⟨

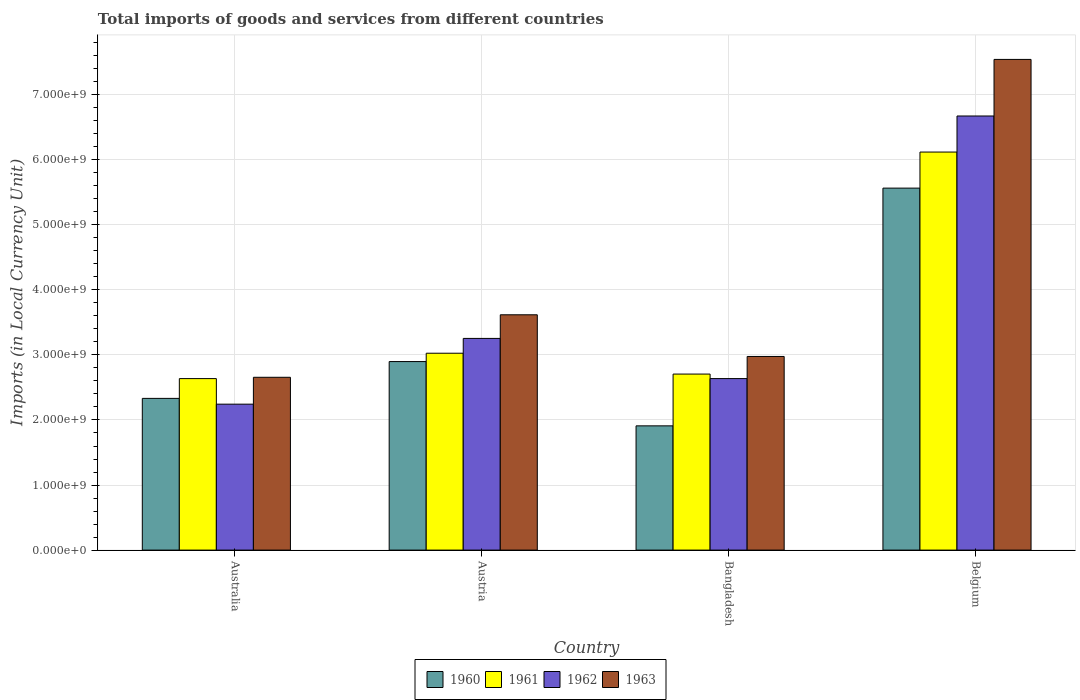How many different coloured bars are there?
Provide a short and direct response. 4. Are the number of bars per tick equal to the number of legend labels?
Keep it short and to the point. Yes. Are the number of bars on each tick of the X-axis equal?
Provide a succinct answer. Yes. How many bars are there on the 1st tick from the right?
Ensure brevity in your answer.  4. What is the label of the 4th group of bars from the left?
Your answer should be compact. Belgium. What is the Amount of goods and services imports in 1963 in Austria?
Ensure brevity in your answer.  3.62e+09. Across all countries, what is the maximum Amount of goods and services imports in 1960?
Offer a terse response. 5.56e+09. Across all countries, what is the minimum Amount of goods and services imports in 1961?
Provide a short and direct response. 2.64e+09. In which country was the Amount of goods and services imports in 1960 maximum?
Make the answer very short. Belgium. What is the total Amount of goods and services imports in 1962 in the graph?
Your answer should be compact. 1.48e+1. What is the difference between the Amount of goods and services imports in 1962 in Australia and that in Austria?
Your answer should be very brief. -1.01e+09. What is the difference between the Amount of goods and services imports in 1963 in Austria and the Amount of goods and services imports in 1960 in Australia?
Your answer should be very brief. 1.28e+09. What is the average Amount of goods and services imports in 1960 per country?
Your response must be concise. 3.18e+09. What is the difference between the Amount of goods and services imports of/in 1960 and Amount of goods and services imports of/in 1963 in Bangladesh?
Your response must be concise. -1.07e+09. In how many countries, is the Amount of goods and services imports in 1961 greater than 4200000000 LCU?
Provide a short and direct response. 1. What is the ratio of the Amount of goods and services imports in 1962 in Austria to that in Belgium?
Your response must be concise. 0.49. Is the Amount of goods and services imports in 1960 in Austria less than that in Belgium?
Provide a short and direct response. Yes. Is the difference between the Amount of goods and services imports in 1960 in Australia and Bangladesh greater than the difference between the Amount of goods and services imports in 1963 in Australia and Bangladesh?
Provide a succinct answer. Yes. What is the difference between the highest and the second highest Amount of goods and services imports in 1963?
Provide a short and direct response. 3.93e+09. What is the difference between the highest and the lowest Amount of goods and services imports in 1963?
Offer a terse response. 4.89e+09. In how many countries, is the Amount of goods and services imports in 1960 greater than the average Amount of goods and services imports in 1960 taken over all countries?
Offer a very short reply. 1. Is the sum of the Amount of goods and services imports in 1962 in Bangladesh and Belgium greater than the maximum Amount of goods and services imports in 1963 across all countries?
Your answer should be compact. Yes. Is it the case that in every country, the sum of the Amount of goods and services imports in 1963 and Amount of goods and services imports in 1962 is greater than the sum of Amount of goods and services imports in 1961 and Amount of goods and services imports in 1960?
Your answer should be compact. No. What does the 1st bar from the right in Austria represents?
Your answer should be compact. 1963. Is it the case that in every country, the sum of the Amount of goods and services imports in 1961 and Amount of goods and services imports in 1963 is greater than the Amount of goods and services imports in 1960?
Provide a succinct answer. Yes. Are all the bars in the graph horizontal?
Your response must be concise. No. How many countries are there in the graph?
Your answer should be very brief. 4. Are the values on the major ticks of Y-axis written in scientific E-notation?
Keep it short and to the point. Yes. Does the graph contain any zero values?
Provide a short and direct response. No. Where does the legend appear in the graph?
Your response must be concise. Bottom center. How are the legend labels stacked?
Offer a terse response. Horizontal. What is the title of the graph?
Your response must be concise. Total imports of goods and services from different countries. Does "1969" appear as one of the legend labels in the graph?
Your answer should be compact. No. What is the label or title of the X-axis?
Give a very brief answer. Country. What is the label or title of the Y-axis?
Give a very brief answer. Imports (in Local Currency Unit). What is the Imports (in Local Currency Unit) of 1960 in Australia?
Make the answer very short. 2.33e+09. What is the Imports (in Local Currency Unit) of 1961 in Australia?
Your response must be concise. 2.64e+09. What is the Imports (in Local Currency Unit) in 1962 in Australia?
Offer a terse response. 2.24e+09. What is the Imports (in Local Currency Unit) of 1963 in Australia?
Provide a short and direct response. 2.66e+09. What is the Imports (in Local Currency Unit) of 1960 in Austria?
Offer a terse response. 2.90e+09. What is the Imports (in Local Currency Unit) in 1961 in Austria?
Make the answer very short. 3.03e+09. What is the Imports (in Local Currency Unit) of 1962 in Austria?
Provide a short and direct response. 3.25e+09. What is the Imports (in Local Currency Unit) in 1963 in Austria?
Provide a succinct answer. 3.62e+09. What is the Imports (in Local Currency Unit) of 1960 in Bangladesh?
Offer a very short reply. 1.91e+09. What is the Imports (in Local Currency Unit) in 1961 in Bangladesh?
Provide a short and direct response. 2.71e+09. What is the Imports (in Local Currency Unit) of 1962 in Bangladesh?
Your answer should be very brief. 2.64e+09. What is the Imports (in Local Currency Unit) of 1963 in Bangladesh?
Provide a short and direct response. 2.98e+09. What is the Imports (in Local Currency Unit) of 1960 in Belgium?
Your answer should be very brief. 5.56e+09. What is the Imports (in Local Currency Unit) of 1961 in Belgium?
Keep it short and to the point. 6.12e+09. What is the Imports (in Local Currency Unit) in 1962 in Belgium?
Offer a very short reply. 6.67e+09. What is the Imports (in Local Currency Unit) in 1963 in Belgium?
Your response must be concise. 7.54e+09. Across all countries, what is the maximum Imports (in Local Currency Unit) in 1960?
Offer a very short reply. 5.56e+09. Across all countries, what is the maximum Imports (in Local Currency Unit) of 1961?
Offer a very short reply. 6.12e+09. Across all countries, what is the maximum Imports (in Local Currency Unit) of 1962?
Your answer should be compact. 6.67e+09. Across all countries, what is the maximum Imports (in Local Currency Unit) in 1963?
Give a very brief answer. 7.54e+09. Across all countries, what is the minimum Imports (in Local Currency Unit) of 1960?
Keep it short and to the point. 1.91e+09. Across all countries, what is the minimum Imports (in Local Currency Unit) of 1961?
Your response must be concise. 2.64e+09. Across all countries, what is the minimum Imports (in Local Currency Unit) in 1962?
Offer a terse response. 2.24e+09. Across all countries, what is the minimum Imports (in Local Currency Unit) in 1963?
Provide a short and direct response. 2.66e+09. What is the total Imports (in Local Currency Unit) of 1960 in the graph?
Offer a very short reply. 1.27e+1. What is the total Imports (in Local Currency Unit) of 1961 in the graph?
Your answer should be compact. 1.45e+1. What is the total Imports (in Local Currency Unit) in 1962 in the graph?
Your answer should be very brief. 1.48e+1. What is the total Imports (in Local Currency Unit) in 1963 in the graph?
Offer a very short reply. 1.68e+1. What is the difference between the Imports (in Local Currency Unit) in 1960 in Australia and that in Austria?
Provide a short and direct response. -5.66e+08. What is the difference between the Imports (in Local Currency Unit) in 1961 in Australia and that in Austria?
Your response must be concise. -3.90e+08. What is the difference between the Imports (in Local Currency Unit) of 1962 in Australia and that in Austria?
Your response must be concise. -1.01e+09. What is the difference between the Imports (in Local Currency Unit) of 1963 in Australia and that in Austria?
Provide a short and direct response. -9.61e+08. What is the difference between the Imports (in Local Currency Unit) of 1960 in Australia and that in Bangladesh?
Provide a succinct answer. 4.22e+08. What is the difference between the Imports (in Local Currency Unit) in 1961 in Australia and that in Bangladesh?
Your answer should be very brief. -6.96e+07. What is the difference between the Imports (in Local Currency Unit) of 1962 in Australia and that in Bangladesh?
Provide a succinct answer. -3.93e+08. What is the difference between the Imports (in Local Currency Unit) in 1963 in Australia and that in Bangladesh?
Offer a terse response. -3.20e+08. What is the difference between the Imports (in Local Currency Unit) of 1960 in Australia and that in Belgium?
Your answer should be compact. -3.23e+09. What is the difference between the Imports (in Local Currency Unit) of 1961 in Australia and that in Belgium?
Your answer should be compact. -3.48e+09. What is the difference between the Imports (in Local Currency Unit) of 1962 in Australia and that in Belgium?
Your response must be concise. -4.43e+09. What is the difference between the Imports (in Local Currency Unit) of 1963 in Australia and that in Belgium?
Offer a terse response. -4.89e+09. What is the difference between the Imports (in Local Currency Unit) of 1960 in Austria and that in Bangladesh?
Keep it short and to the point. 9.88e+08. What is the difference between the Imports (in Local Currency Unit) in 1961 in Austria and that in Bangladesh?
Give a very brief answer. 3.20e+08. What is the difference between the Imports (in Local Currency Unit) of 1962 in Austria and that in Bangladesh?
Make the answer very short. 6.18e+08. What is the difference between the Imports (in Local Currency Unit) in 1963 in Austria and that in Bangladesh?
Give a very brief answer. 6.41e+08. What is the difference between the Imports (in Local Currency Unit) in 1960 in Austria and that in Belgium?
Provide a short and direct response. -2.67e+09. What is the difference between the Imports (in Local Currency Unit) of 1961 in Austria and that in Belgium?
Offer a terse response. -3.09e+09. What is the difference between the Imports (in Local Currency Unit) of 1962 in Austria and that in Belgium?
Your answer should be compact. -3.42e+09. What is the difference between the Imports (in Local Currency Unit) in 1963 in Austria and that in Belgium?
Your answer should be compact. -3.93e+09. What is the difference between the Imports (in Local Currency Unit) in 1960 in Bangladesh and that in Belgium?
Offer a very short reply. -3.65e+09. What is the difference between the Imports (in Local Currency Unit) in 1961 in Bangladesh and that in Belgium?
Offer a very short reply. -3.41e+09. What is the difference between the Imports (in Local Currency Unit) of 1962 in Bangladesh and that in Belgium?
Keep it short and to the point. -4.04e+09. What is the difference between the Imports (in Local Currency Unit) in 1963 in Bangladesh and that in Belgium?
Ensure brevity in your answer.  -4.57e+09. What is the difference between the Imports (in Local Currency Unit) in 1960 in Australia and the Imports (in Local Currency Unit) in 1961 in Austria?
Offer a terse response. -6.94e+08. What is the difference between the Imports (in Local Currency Unit) in 1960 in Australia and the Imports (in Local Currency Unit) in 1962 in Austria?
Your response must be concise. -9.22e+08. What is the difference between the Imports (in Local Currency Unit) of 1960 in Australia and the Imports (in Local Currency Unit) of 1963 in Austria?
Your response must be concise. -1.28e+09. What is the difference between the Imports (in Local Currency Unit) of 1961 in Australia and the Imports (in Local Currency Unit) of 1962 in Austria?
Make the answer very short. -6.18e+08. What is the difference between the Imports (in Local Currency Unit) of 1961 in Australia and the Imports (in Local Currency Unit) of 1963 in Austria?
Keep it short and to the point. -9.81e+08. What is the difference between the Imports (in Local Currency Unit) of 1962 in Australia and the Imports (in Local Currency Unit) of 1963 in Austria?
Ensure brevity in your answer.  -1.37e+09. What is the difference between the Imports (in Local Currency Unit) of 1960 in Australia and the Imports (in Local Currency Unit) of 1961 in Bangladesh?
Make the answer very short. -3.74e+08. What is the difference between the Imports (in Local Currency Unit) in 1960 in Australia and the Imports (in Local Currency Unit) in 1962 in Bangladesh?
Provide a succinct answer. -3.04e+08. What is the difference between the Imports (in Local Currency Unit) in 1960 in Australia and the Imports (in Local Currency Unit) in 1963 in Bangladesh?
Ensure brevity in your answer.  -6.44e+08. What is the difference between the Imports (in Local Currency Unit) in 1961 in Australia and the Imports (in Local Currency Unit) in 1962 in Bangladesh?
Offer a terse response. -1.80e+05. What is the difference between the Imports (in Local Currency Unit) in 1961 in Australia and the Imports (in Local Currency Unit) in 1963 in Bangladesh?
Your answer should be compact. -3.40e+08. What is the difference between the Imports (in Local Currency Unit) in 1962 in Australia and the Imports (in Local Currency Unit) in 1963 in Bangladesh?
Make the answer very short. -7.33e+08. What is the difference between the Imports (in Local Currency Unit) in 1960 in Australia and the Imports (in Local Currency Unit) in 1961 in Belgium?
Provide a short and direct response. -3.79e+09. What is the difference between the Imports (in Local Currency Unit) in 1960 in Australia and the Imports (in Local Currency Unit) in 1962 in Belgium?
Keep it short and to the point. -4.34e+09. What is the difference between the Imports (in Local Currency Unit) of 1960 in Australia and the Imports (in Local Currency Unit) of 1963 in Belgium?
Offer a very short reply. -5.21e+09. What is the difference between the Imports (in Local Currency Unit) in 1961 in Australia and the Imports (in Local Currency Unit) in 1962 in Belgium?
Your response must be concise. -4.04e+09. What is the difference between the Imports (in Local Currency Unit) in 1961 in Australia and the Imports (in Local Currency Unit) in 1963 in Belgium?
Give a very brief answer. -4.91e+09. What is the difference between the Imports (in Local Currency Unit) of 1962 in Australia and the Imports (in Local Currency Unit) of 1963 in Belgium?
Provide a short and direct response. -5.30e+09. What is the difference between the Imports (in Local Currency Unit) of 1960 in Austria and the Imports (in Local Currency Unit) of 1961 in Bangladesh?
Your answer should be very brief. 1.92e+08. What is the difference between the Imports (in Local Currency Unit) of 1960 in Austria and the Imports (in Local Currency Unit) of 1962 in Bangladesh?
Your response must be concise. 2.62e+08. What is the difference between the Imports (in Local Currency Unit) of 1960 in Austria and the Imports (in Local Currency Unit) of 1963 in Bangladesh?
Provide a short and direct response. -7.85e+07. What is the difference between the Imports (in Local Currency Unit) of 1961 in Austria and the Imports (in Local Currency Unit) of 1962 in Bangladesh?
Ensure brevity in your answer.  3.90e+08. What is the difference between the Imports (in Local Currency Unit) in 1961 in Austria and the Imports (in Local Currency Unit) in 1963 in Bangladesh?
Your answer should be very brief. 4.96e+07. What is the difference between the Imports (in Local Currency Unit) of 1962 in Austria and the Imports (in Local Currency Unit) of 1963 in Bangladesh?
Your response must be concise. 2.77e+08. What is the difference between the Imports (in Local Currency Unit) in 1960 in Austria and the Imports (in Local Currency Unit) in 1961 in Belgium?
Your answer should be compact. -3.22e+09. What is the difference between the Imports (in Local Currency Unit) in 1960 in Austria and the Imports (in Local Currency Unit) in 1962 in Belgium?
Provide a succinct answer. -3.77e+09. What is the difference between the Imports (in Local Currency Unit) of 1960 in Austria and the Imports (in Local Currency Unit) of 1963 in Belgium?
Offer a very short reply. -4.64e+09. What is the difference between the Imports (in Local Currency Unit) in 1961 in Austria and the Imports (in Local Currency Unit) in 1962 in Belgium?
Offer a terse response. -3.65e+09. What is the difference between the Imports (in Local Currency Unit) of 1961 in Austria and the Imports (in Local Currency Unit) of 1963 in Belgium?
Your response must be concise. -4.52e+09. What is the difference between the Imports (in Local Currency Unit) of 1962 in Austria and the Imports (in Local Currency Unit) of 1963 in Belgium?
Ensure brevity in your answer.  -4.29e+09. What is the difference between the Imports (in Local Currency Unit) in 1960 in Bangladesh and the Imports (in Local Currency Unit) in 1961 in Belgium?
Offer a very short reply. -4.21e+09. What is the difference between the Imports (in Local Currency Unit) in 1960 in Bangladesh and the Imports (in Local Currency Unit) in 1962 in Belgium?
Give a very brief answer. -4.76e+09. What is the difference between the Imports (in Local Currency Unit) in 1960 in Bangladesh and the Imports (in Local Currency Unit) in 1963 in Belgium?
Provide a short and direct response. -5.63e+09. What is the difference between the Imports (in Local Currency Unit) of 1961 in Bangladesh and the Imports (in Local Currency Unit) of 1962 in Belgium?
Offer a terse response. -3.97e+09. What is the difference between the Imports (in Local Currency Unit) of 1961 in Bangladesh and the Imports (in Local Currency Unit) of 1963 in Belgium?
Your response must be concise. -4.84e+09. What is the difference between the Imports (in Local Currency Unit) of 1962 in Bangladesh and the Imports (in Local Currency Unit) of 1963 in Belgium?
Offer a very short reply. -4.91e+09. What is the average Imports (in Local Currency Unit) of 1960 per country?
Make the answer very short. 3.18e+09. What is the average Imports (in Local Currency Unit) in 1961 per country?
Make the answer very short. 3.62e+09. What is the average Imports (in Local Currency Unit) of 1962 per country?
Provide a short and direct response. 3.70e+09. What is the average Imports (in Local Currency Unit) of 1963 per country?
Offer a terse response. 4.20e+09. What is the difference between the Imports (in Local Currency Unit) of 1960 and Imports (in Local Currency Unit) of 1961 in Australia?
Your response must be concise. -3.04e+08. What is the difference between the Imports (in Local Currency Unit) of 1960 and Imports (in Local Currency Unit) of 1962 in Australia?
Offer a very short reply. 8.90e+07. What is the difference between the Imports (in Local Currency Unit) in 1960 and Imports (in Local Currency Unit) in 1963 in Australia?
Your response must be concise. -3.24e+08. What is the difference between the Imports (in Local Currency Unit) in 1961 and Imports (in Local Currency Unit) in 1962 in Australia?
Offer a terse response. 3.93e+08. What is the difference between the Imports (in Local Currency Unit) in 1961 and Imports (in Local Currency Unit) in 1963 in Australia?
Your response must be concise. -2.00e+07. What is the difference between the Imports (in Local Currency Unit) in 1962 and Imports (in Local Currency Unit) in 1963 in Australia?
Make the answer very short. -4.13e+08. What is the difference between the Imports (in Local Currency Unit) in 1960 and Imports (in Local Currency Unit) in 1961 in Austria?
Offer a very short reply. -1.28e+08. What is the difference between the Imports (in Local Currency Unit) of 1960 and Imports (in Local Currency Unit) of 1962 in Austria?
Keep it short and to the point. -3.56e+08. What is the difference between the Imports (in Local Currency Unit) in 1960 and Imports (in Local Currency Unit) in 1963 in Austria?
Your response must be concise. -7.19e+08. What is the difference between the Imports (in Local Currency Unit) in 1961 and Imports (in Local Currency Unit) in 1962 in Austria?
Provide a short and direct response. -2.28e+08. What is the difference between the Imports (in Local Currency Unit) in 1961 and Imports (in Local Currency Unit) in 1963 in Austria?
Your response must be concise. -5.91e+08. What is the difference between the Imports (in Local Currency Unit) of 1962 and Imports (in Local Currency Unit) of 1963 in Austria?
Provide a succinct answer. -3.63e+08. What is the difference between the Imports (in Local Currency Unit) of 1960 and Imports (in Local Currency Unit) of 1961 in Bangladesh?
Offer a terse response. -7.96e+08. What is the difference between the Imports (in Local Currency Unit) of 1960 and Imports (in Local Currency Unit) of 1962 in Bangladesh?
Offer a very short reply. -7.26e+08. What is the difference between the Imports (in Local Currency Unit) in 1960 and Imports (in Local Currency Unit) in 1963 in Bangladesh?
Your answer should be very brief. -1.07e+09. What is the difference between the Imports (in Local Currency Unit) of 1961 and Imports (in Local Currency Unit) of 1962 in Bangladesh?
Offer a very short reply. 6.94e+07. What is the difference between the Imports (in Local Currency Unit) of 1961 and Imports (in Local Currency Unit) of 1963 in Bangladesh?
Give a very brief answer. -2.71e+08. What is the difference between the Imports (in Local Currency Unit) of 1962 and Imports (in Local Currency Unit) of 1963 in Bangladesh?
Provide a short and direct response. -3.40e+08. What is the difference between the Imports (in Local Currency Unit) in 1960 and Imports (in Local Currency Unit) in 1961 in Belgium?
Provide a succinct answer. -5.54e+08. What is the difference between the Imports (in Local Currency Unit) of 1960 and Imports (in Local Currency Unit) of 1962 in Belgium?
Provide a succinct answer. -1.11e+09. What is the difference between the Imports (in Local Currency Unit) of 1960 and Imports (in Local Currency Unit) of 1963 in Belgium?
Offer a terse response. -1.98e+09. What is the difference between the Imports (in Local Currency Unit) of 1961 and Imports (in Local Currency Unit) of 1962 in Belgium?
Your response must be concise. -5.54e+08. What is the difference between the Imports (in Local Currency Unit) of 1961 and Imports (in Local Currency Unit) of 1963 in Belgium?
Keep it short and to the point. -1.42e+09. What is the difference between the Imports (in Local Currency Unit) in 1962 and Imports (in Local Currency Unit) in 1963 in Belgium?
Provide a succinct answer. -8.70e+08. What is the ratio of the Imports (in Local Currency Unit) in 1960 in Australia to that in Austria?
Offer a terse response. 0.8. What is the ratio of the Imports (in Local Currency Unit) in 1961 in Australia to that in Austria?
Your answer should be very brief. 0.87. What is the ratio of the Imports (in Local Currency Unit) of 1962 in Australia to that in Austria?
Offer a very short reply. 0.69. What is the ratio of the Imports (in Local Currency Unit) of 1963 in Australia to that in Austria?
Give a very brief answer. 0.73. What is the ratio of the Imports (in Local Currency Unit) of 1960 in Australia to that in Bangladesh?
Ensure brevity in your answer.  1.22. What is the ratio of the Imports (in Local Currency Unit) of 1961 in Australia to that in Bangladesh?
Give a very brief answer. 0.97. What is the ratio of the Imports (in Local Currency Unit) in 1962 in Australia to that in Bangladesh?
Your response must be concise. 0.85. What is the ratio of the Imports (in Local Currency Unit) of 1963 in Australia to that in Bangladesh?
Your response must be concise. 0.89. What is the ratio of the Imports (in Local Currency Unit) of 1960 in Australia to that in Belgium?
Your answer should be compact. 0.42. What is the ratio of the Imports (in Local Currency Unit) of 1961 in Australia to that in Belgium?
Offer a very short reply. 0.43. What is the ratio of the Imports (in Local Currency Unit) of 1962 in Australia to that in Belgium?
Your answer should be very brief. 0.34. What is the ratio of the Imports (in Local Currency Unit) of 1963 in Australia to that in Belgium?
Ensure brevity in your answer.  0.35. What is the ratio of the Imports (in Local Currency Unit) in 1960 in Austria to that in Bangladesh?
Provide a succinct answer. 1.52. What is the ratio of the Imports (in Local Currency Unit) in 1961 in Austria to that in Bangladesh?
Provide a succinct answer. 1.12. What is the ratio of the Imports (in Local Currency Unit) of 1962 in Austria to that in Bangladesh?
Ensure brevity in your answer.  1.23. What is the ratio of the Imports (in Local Currency Unit) in 1963 in Austria to that in Bangladesh?
Keep it short and to the point. 1.22. What is the ratio of the Imports (in Local Currency Unit) in 1960 in Austria to that in Belgium?
Provide a short and direct response. 0.52. What is the ratio of the Imports (in Local Currency Unit) in 1961 in Austria to that in Belgium?
Keep it short and to the point. 0.49. What is the ratio of the Imports (in Local Currency Unit) of 1962 in Austria to that in Belgium?
Keep it short and to the point. 0.49. What is the ratio of the Imports (in Local Currency Unit) in 1963 in Austria to that in Belgium?
Provide a short and direct response. 0.48. What is the ratio of the Imports (in Local Currency Unit) of 1960 in Bangladesh to that in Belgium?
Give a very brief answer. 0.34. What is the ratio of the Imports (in Local Currency Unit) of 1961 in Bangladesh to that in Belgium?
Your answer should be very brief. 0.44. What is the ratio of the Imports (in Local Currency Unit) in 1962 in Bangladesh to that in Belgium?
Your response must be concise. 0.4. What is the ratio of the Imports (in Local Currency Unit) of 1963 in Bangladesh to that in Belgium?
Offer a very short reply. 0.39. What is the difference between the highest and the second highest Imports (in Local Currency Unit) in 1960?
Make the answer very short. 2.67e+09. What is the difference between the highest and the second highest Imports (in Local Currency Unit) in 1961?
Offer a terse response. 3.09e+09. What is the difference between the highest and the second highest Imports (in Local Currency Unit) in 1962?
Make the answer very short. 3.42e+09. What is the difference between the highest and the second highest Imports (in Local Currency Unit) of 1963?
Offer a terse response. 3.93e+09. What is the difference between the highest and the lowest Imports (in Local Currency Unit) in 1960?
Your response must be concise. 3.65e+09. What is the difference between the highest and the lowest Imports (in Local Currency Unit) of 1961?
Your answer should be compact. 3.48e+09. What is the difference between the highest and the lowest Imports (in Local Currency Unit) in 1962?
Provide a short and direct response. 4.43e+09. What is the difference between the highest and the lowest Imports (in Local Currency Unit) in 1963?
Your response must be concise. 4.89e+09.

⟩

- Your assignment:
Please restate the material above line by line, exactly, beginning at its first line and ending with the line that contains "Your answer should be very brief. 1.28e+09.", without any pictures.

- Exercise response:
How many different coloured bars are there?
Provide a short and direct response. 4. Are the number of bars per tick equal to the number of legend labels?
Keep it short and to the point. Yes. Are the number of bars on each tick of the X-axis equal?
Provide a succinct answer. Yes. How many bars are there on the 1st tick from the right?
Ensure brevity in your answer.  4. What is the label of the 4th group of bars from the left?
Your answer should be compact. Belgium. What is the Amount of goods and services imports in 1963 in Austria?
Ensure brevity in your answer.  3.62e+09. Across all countries, what is the maximum Amount of goods and services imports in 1960?
Offer a terse response. 5.56e+09. Across all countries, what is the minimum Amount of goods and services imports in 1961?
Provide a short and direct response. 2.64e+09. In which country was the Amount of goods and services imports in 1960 maximum?
Make the answer very short. Belgium. What is the total Amount of goods and services imports in 1962 in the graph?
Your answer should be compact. 1.48e+1. What is the difference between the Amount of goods and services imports in 1962 in Australia and that in Austria?
Your answer should be very brief. -1.01e+09. What is the difference between the Amount of goods and services imports in 1963 in Austria and the Amount of goods and services imports in 1960 in Australia?
Your answer should be very brief. 1.28e+09. What is the average Amount of goods and services imports in 1960 per country?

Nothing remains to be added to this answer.